Rester longtemps à regarder le Christ prendre soin de nous, de moi. Et surtout le laisser prendre soin de moi.

 

*Une deuxième manière :

L’homme qui descend de Jérusalem, c’est le Christ, car il est celui qui de la crèche au crucifiement comme le dit un cantique ancien est celui qui s’est remis entre nos mains. Des mains qui l’ont fait tomber, dépouillé, roué de coups, mais aussi des mains qui ont pris soin de lui, les mains de Marie s’occupant de lui

dans la nuit de Noël, lui apprenant à marcher quand il grandissait.

Prendre soin de Dieu. Qu’est-ce que cela veut dire concrètement dans ma vie ?

 

*Une troisième manière :

Le samaritain, c’est chacun de nous.
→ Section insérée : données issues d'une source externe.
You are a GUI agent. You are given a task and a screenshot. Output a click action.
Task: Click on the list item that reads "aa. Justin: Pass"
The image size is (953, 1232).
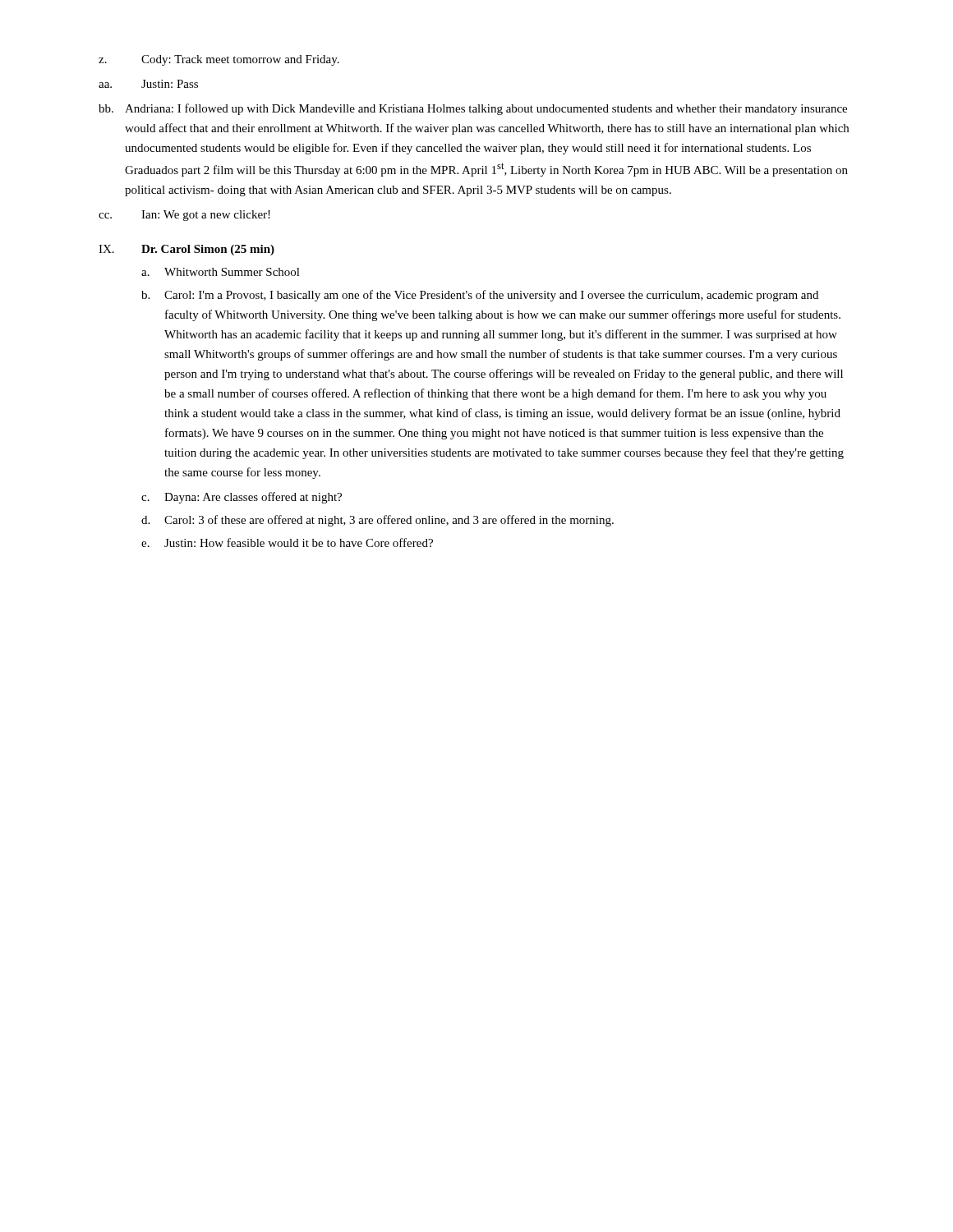[148, 84]

Faire mémoire dans ma vie de moments où j’ai pris soin des autres, où je prends soin des autres

 

*Une quatrième manière

Le prêtre et le lévite, les brigands, c’est aussi chacun de nous. Faire mémoire de ce qui dans le monde, le pays où je vis, et ma propre vie ressemblent à ce qu’ils font ou ne font pas.